La mia Resistenza della Brigata ebraica e socialista
Commento di Lidano Grassucci
Testata: Informazione Corretta
Data: 25/04/2026
Pagina: 1
Autore: Lidano Grassucci
Titolo: La mia Resistenza della Brigata ebraica e socialista

La mia Resistenza della Brigata ebraica e socialista

Commento di Lidano Grassucci

Lidano Grassucci e il suo libro: “Ucraina. La guerra vista da lontano”. La  mia recensione. - Fatto a Latina

Lidano Grassucci

 

​Resistere, non sottostare all'ingiusto. Io, per questo, ci sono nato.

​Siamo stati i ribelli della palude, liberi nel fango, negati dai signori e braccati dai loro scherani. Sto, senza esitazione alcuna, con chi esercita il "diritto di resistenza" contro l’oppressione. Il fascismo è stato il male assoluto; e in armi la mia parte ha combattuto l’ingiustizia, l’arbitrio, la sopraffazione.

​Diciamoci la verità: la libertà che respiriamo oggi è il sangue che non avevano più i tanti che liberi non sono potuti restare. Lo dico con l’orgoglio di un socialista. Ma aggiungo una verità necessaria: la Resistenza è stata plurale. È stata dei monarchici, dei repubblicani, dei liberali e degli azionisti; è stata dei cattolici, dei socialisti e dei comunisti. È stata lo sforzo immenso di americani, inglesi, polacchi con i loro eserciti.

​Le Radici della Scelta

​A questo mio essere socialista aggiungo, con la stessa forza, l’essere sionista. La Brigata Ebraica ha partecipato attivamente alla liberazione di questo Paese; non risultano palestinesi da questa parte della barricata. La nostra libertà è figlia della scelta cosciente, in armi, di chi era già libero nello spirito, non di chi non possedeva neppure l’idea di libertà.

​La nostra Resistenza — quella di chi, come i miei, militava sotto le insegne di Giustizia e Libertà — era diversa da quella di chi sognava Patrie dove la giustizia veniva barattata con la fine della libertà. La nostra idea di Patria, figlia del pensiero di Mazzini, non poteva essere uguale a quella di chi voleva "fare come in Russia". La mia convinzione che la religione fosse "oppio dei popoli" non era la stessa di chi combatteva pregando per la gloria dei santi.

​Una Lotta, Molte Bandiere

​Dobbiamo ricordare i monarchici — e furono molti — che per restare fedeli al Re salirono in montagna o scelsero l’internamento nei lager piuttosto che servire la vile Repubblica Sociale.
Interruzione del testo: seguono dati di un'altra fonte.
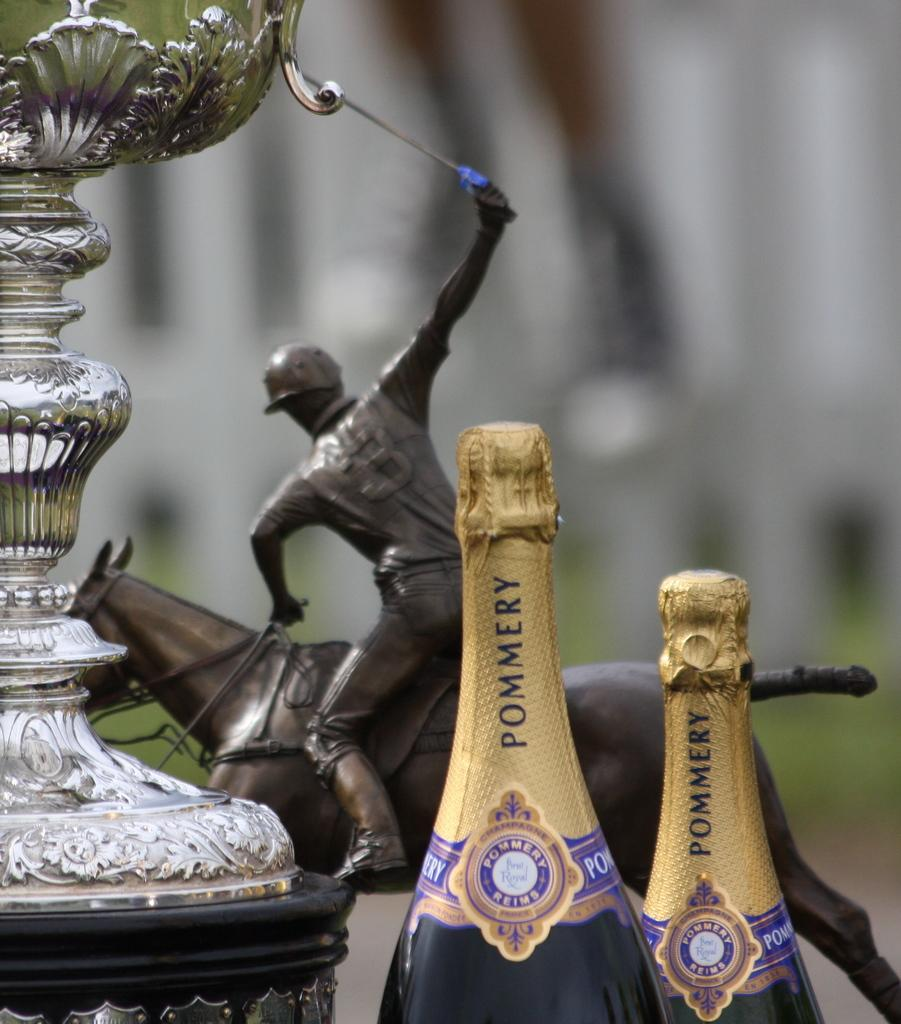What is the main subject of the image? There is a statue of a person on a horse in the image. What other objects can be seen in the image? There are bottles and an unspecified object in the image. Can you describe the background of the image? The background of the image is blurred. What level of experience does the beginner have with the jar in the image? There is no jar present in the image, and therefore no beginner or experience level can be determined. What story is being told by the statue in the image? The image does not provide any context or story about the statue; it simply depicts the statue itself.

La loro Resistenza è diversa da quella di chi oggi vorrebbe trasformare quella lotta nell’esclusiva di una propria utopia privata. Non dimentichiamo i militari del rinato Esercito Regio che combatterono dopo l'8 settembre.

​La Resistenza è stata un oceano di ragioni diverse unite contro un unico nemico: il nazifascismo.

​Rivendicare l’Identità

​Ciascuno rivendichi la propria Resistenza. La mia è quella delle Brigate Matteotti, di Giustizia e Libertà, dei repubblicani e dei ragazzi della Brigata Ebraica. Porto le mie bandiere con orgoglio: non voglio celare quelle degli altri, ma non tollero che le mie vengano oscurate da un falso unanimismo.

​Noi socialisti abbiamo combattuto per una libertà che fosse anche per gli altri. La Brigata Ebraica ha combattuto per la dignità contro lo scempio dell'umanità, per difendere il diritto a un’esistenza sicura, per sempre. La Resistenza ha la bandiera del sole che sorge; è la fede che l’ingiustizia non si sconfigge con i buoni sentimenti, ma con il coraggio delle armi — sia in montagna che a Sion.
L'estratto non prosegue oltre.